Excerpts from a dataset

● ● ● ● ● ● ●

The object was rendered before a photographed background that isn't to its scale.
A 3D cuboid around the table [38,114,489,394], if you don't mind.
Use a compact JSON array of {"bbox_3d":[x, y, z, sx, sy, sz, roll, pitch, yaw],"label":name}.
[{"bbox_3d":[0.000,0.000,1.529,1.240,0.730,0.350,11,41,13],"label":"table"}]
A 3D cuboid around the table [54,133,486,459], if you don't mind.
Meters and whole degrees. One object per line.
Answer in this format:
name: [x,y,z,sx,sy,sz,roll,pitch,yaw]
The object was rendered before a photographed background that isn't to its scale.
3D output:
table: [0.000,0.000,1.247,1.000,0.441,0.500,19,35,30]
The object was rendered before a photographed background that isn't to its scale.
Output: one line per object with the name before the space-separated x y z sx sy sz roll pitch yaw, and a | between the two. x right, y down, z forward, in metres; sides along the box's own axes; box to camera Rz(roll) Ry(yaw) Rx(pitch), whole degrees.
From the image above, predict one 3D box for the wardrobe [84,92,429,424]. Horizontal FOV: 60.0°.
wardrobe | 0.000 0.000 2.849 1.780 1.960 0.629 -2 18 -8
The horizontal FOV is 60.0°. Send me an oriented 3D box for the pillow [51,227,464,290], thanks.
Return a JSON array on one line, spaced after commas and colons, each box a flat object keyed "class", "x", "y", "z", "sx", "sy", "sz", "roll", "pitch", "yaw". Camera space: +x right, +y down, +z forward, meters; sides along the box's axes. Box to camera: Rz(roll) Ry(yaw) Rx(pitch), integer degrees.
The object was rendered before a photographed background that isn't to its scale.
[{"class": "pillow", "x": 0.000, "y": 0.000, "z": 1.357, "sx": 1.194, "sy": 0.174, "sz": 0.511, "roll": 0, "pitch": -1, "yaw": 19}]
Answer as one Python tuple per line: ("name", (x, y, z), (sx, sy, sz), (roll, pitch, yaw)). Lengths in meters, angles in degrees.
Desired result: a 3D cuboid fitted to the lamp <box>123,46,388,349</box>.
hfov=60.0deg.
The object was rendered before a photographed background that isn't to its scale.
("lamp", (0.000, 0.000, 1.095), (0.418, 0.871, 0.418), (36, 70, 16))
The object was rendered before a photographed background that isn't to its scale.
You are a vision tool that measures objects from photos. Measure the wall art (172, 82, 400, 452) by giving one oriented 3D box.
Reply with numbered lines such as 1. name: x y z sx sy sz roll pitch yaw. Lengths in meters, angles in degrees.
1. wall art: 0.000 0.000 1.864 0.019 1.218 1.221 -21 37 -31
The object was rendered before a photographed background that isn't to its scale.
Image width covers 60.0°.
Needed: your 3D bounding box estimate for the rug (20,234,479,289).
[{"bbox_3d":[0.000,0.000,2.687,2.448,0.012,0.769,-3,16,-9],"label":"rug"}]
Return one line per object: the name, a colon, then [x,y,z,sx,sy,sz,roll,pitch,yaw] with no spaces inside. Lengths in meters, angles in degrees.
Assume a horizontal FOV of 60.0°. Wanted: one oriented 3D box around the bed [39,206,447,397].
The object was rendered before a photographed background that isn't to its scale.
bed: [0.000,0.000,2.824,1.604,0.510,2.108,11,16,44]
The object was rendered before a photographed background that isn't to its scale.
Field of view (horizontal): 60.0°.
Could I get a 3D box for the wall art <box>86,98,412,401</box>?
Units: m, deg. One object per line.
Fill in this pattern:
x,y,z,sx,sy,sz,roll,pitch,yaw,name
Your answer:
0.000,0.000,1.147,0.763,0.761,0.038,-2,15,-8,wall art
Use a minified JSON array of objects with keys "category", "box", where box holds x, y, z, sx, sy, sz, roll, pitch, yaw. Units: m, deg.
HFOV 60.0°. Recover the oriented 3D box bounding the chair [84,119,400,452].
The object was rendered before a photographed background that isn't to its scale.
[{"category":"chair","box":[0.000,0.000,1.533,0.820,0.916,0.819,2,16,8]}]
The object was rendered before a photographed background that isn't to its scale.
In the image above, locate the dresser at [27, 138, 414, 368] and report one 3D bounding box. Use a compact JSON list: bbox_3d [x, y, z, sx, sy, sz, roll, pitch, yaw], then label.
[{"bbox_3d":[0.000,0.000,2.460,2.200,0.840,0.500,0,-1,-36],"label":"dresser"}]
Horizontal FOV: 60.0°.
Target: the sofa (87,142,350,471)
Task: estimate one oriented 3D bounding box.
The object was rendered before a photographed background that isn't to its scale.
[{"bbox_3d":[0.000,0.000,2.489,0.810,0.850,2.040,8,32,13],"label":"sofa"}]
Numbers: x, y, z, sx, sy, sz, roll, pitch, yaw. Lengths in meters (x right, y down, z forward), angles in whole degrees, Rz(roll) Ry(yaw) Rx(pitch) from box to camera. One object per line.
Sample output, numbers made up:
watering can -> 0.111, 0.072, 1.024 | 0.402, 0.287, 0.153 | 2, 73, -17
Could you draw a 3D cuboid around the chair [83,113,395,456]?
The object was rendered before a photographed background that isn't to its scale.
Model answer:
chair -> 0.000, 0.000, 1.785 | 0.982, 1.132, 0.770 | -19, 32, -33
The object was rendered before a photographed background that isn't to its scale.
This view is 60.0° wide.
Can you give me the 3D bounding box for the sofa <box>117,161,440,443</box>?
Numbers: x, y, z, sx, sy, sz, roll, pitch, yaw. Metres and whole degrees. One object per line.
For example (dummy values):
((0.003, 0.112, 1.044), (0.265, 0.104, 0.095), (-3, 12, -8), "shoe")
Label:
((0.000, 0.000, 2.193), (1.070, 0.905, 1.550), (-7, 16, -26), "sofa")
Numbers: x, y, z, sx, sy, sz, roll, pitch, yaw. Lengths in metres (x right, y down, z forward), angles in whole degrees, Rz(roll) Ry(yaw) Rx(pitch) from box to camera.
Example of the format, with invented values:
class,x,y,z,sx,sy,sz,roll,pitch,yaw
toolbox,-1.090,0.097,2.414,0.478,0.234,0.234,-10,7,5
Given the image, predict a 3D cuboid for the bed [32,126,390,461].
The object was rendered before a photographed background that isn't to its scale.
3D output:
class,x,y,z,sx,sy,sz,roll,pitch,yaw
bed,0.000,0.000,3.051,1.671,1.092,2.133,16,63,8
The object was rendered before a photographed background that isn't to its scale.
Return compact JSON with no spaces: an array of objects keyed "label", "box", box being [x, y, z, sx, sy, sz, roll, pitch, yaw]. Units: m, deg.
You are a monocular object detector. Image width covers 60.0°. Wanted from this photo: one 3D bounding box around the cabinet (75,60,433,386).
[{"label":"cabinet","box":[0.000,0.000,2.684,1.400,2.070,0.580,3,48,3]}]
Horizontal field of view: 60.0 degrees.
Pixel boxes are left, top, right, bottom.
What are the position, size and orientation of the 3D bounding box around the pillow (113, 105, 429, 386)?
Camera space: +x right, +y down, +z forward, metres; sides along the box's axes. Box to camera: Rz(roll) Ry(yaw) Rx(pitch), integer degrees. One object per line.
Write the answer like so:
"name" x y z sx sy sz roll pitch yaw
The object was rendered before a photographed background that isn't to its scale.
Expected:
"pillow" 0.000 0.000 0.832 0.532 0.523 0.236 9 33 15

● ● ● ● ● ● ●

§ WHAT THIS TASK INVOLVES: Filter the preceding entries down to the lines with "keyed".

§ RESPONSE:
Return a JSON array on one line, spaced after commas and colons, each box a flat object keyed "class", "x", "y", "z", "sx", "sy", "sz", "roll", "pitch", "yaw". Camera space: +x right, +y down, +z forward, meters; sides along the box's axes. Box to camera: Rz(roll) Ry(yaw) Rx(pitch), integer degrees.
Return compact JSON with no spaces: an array of objects keyed "label", "box", box being [x, y, z, sx, sy, sz, roll, pitch, yaw]. Units: m, deg.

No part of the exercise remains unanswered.